RELEASE: CAP Column Calls on Congress to Invest Now in Climate Resilient Infrastructure to Reduce Disaster Costs
Washington, D.C. — As leadership in Congress continues the process of putting together a federal budget, the impacts of climate change on the nation’s aging infrastructure must not be ignored. In a column released by the Center for American Progress today, climate experts urge Congress to take the fiscally responsible steps of investing in cutting carbon pollution and improving the nation’s roads, bridges, rail lines, and other infrastructure now.

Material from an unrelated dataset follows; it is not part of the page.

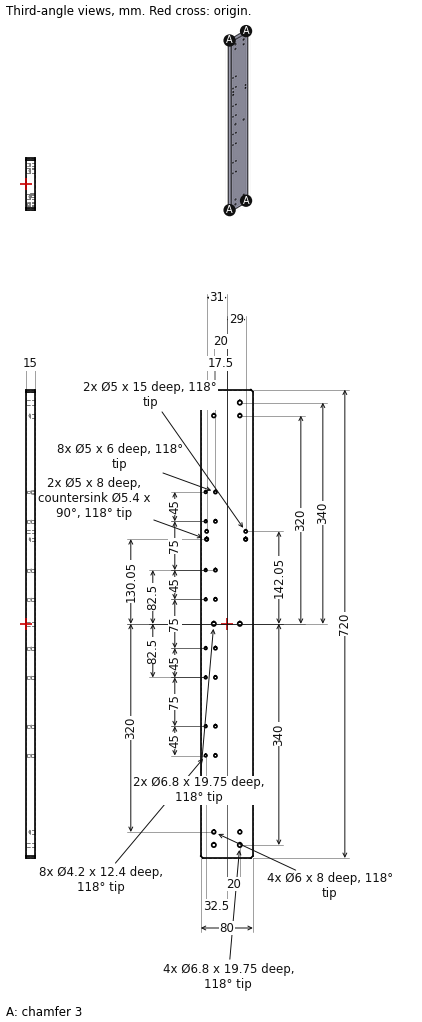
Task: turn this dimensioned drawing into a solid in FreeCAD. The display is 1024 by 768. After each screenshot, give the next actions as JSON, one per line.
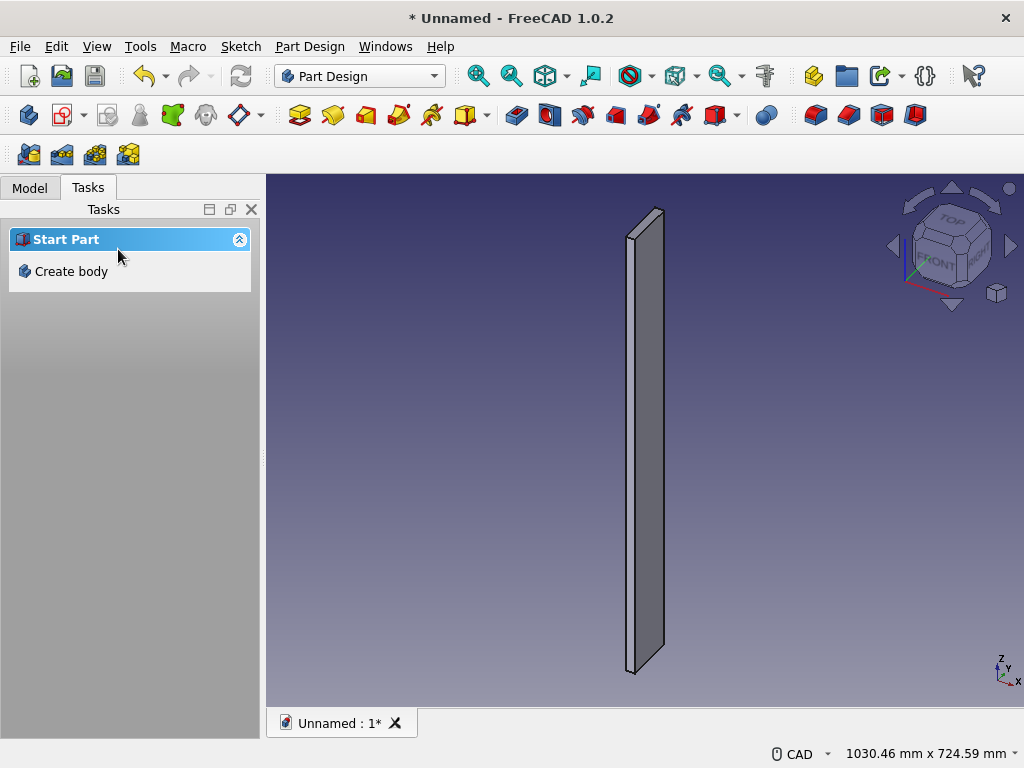
{"action": "left_click", "coordinate": [650, 441]}

“As the United States grapples with the effects of climate change, the aging infrastructure that we rely on will be among the hardest hit,” said Cathleen Kelly, CAP senior fellow and co-author of the column. “Our infrastructure is already woefully in need of improvement, particularly in low-income areas, and it will strain further in the face of climate change related extreme weather events that we have already seen begin. The fiscally responsible thing for Congress to do is invest now in building resilient infrastructure and communities before cataclysmic weather events force us to spend much more on disaster recovery down the road.”
In 2013, the American Society of Civil Engineers gave America’s infrastructure a D+ rating and recommended increasing investment in infrastructure designed to “withstand both natural and man-made hazards.” They suggested using resilient infrastructure designs and sustainable practices to ensure the infrastructure will last for generations. That same year, the Government Accountability Office listed climate change as a top risk to federal operations, assets, and programs and earlier this year put the government’s exposure to climate change at the top of its list of high risks. President Barack Obama’s FY 2016 budget called for in the ballpark of $90 billion to reduce disaster costs and build infrastructure resilience, and earlier this year, the president established a new federal flood risk standard to ensure that federal agencies are investing in long-lasting infrastructure.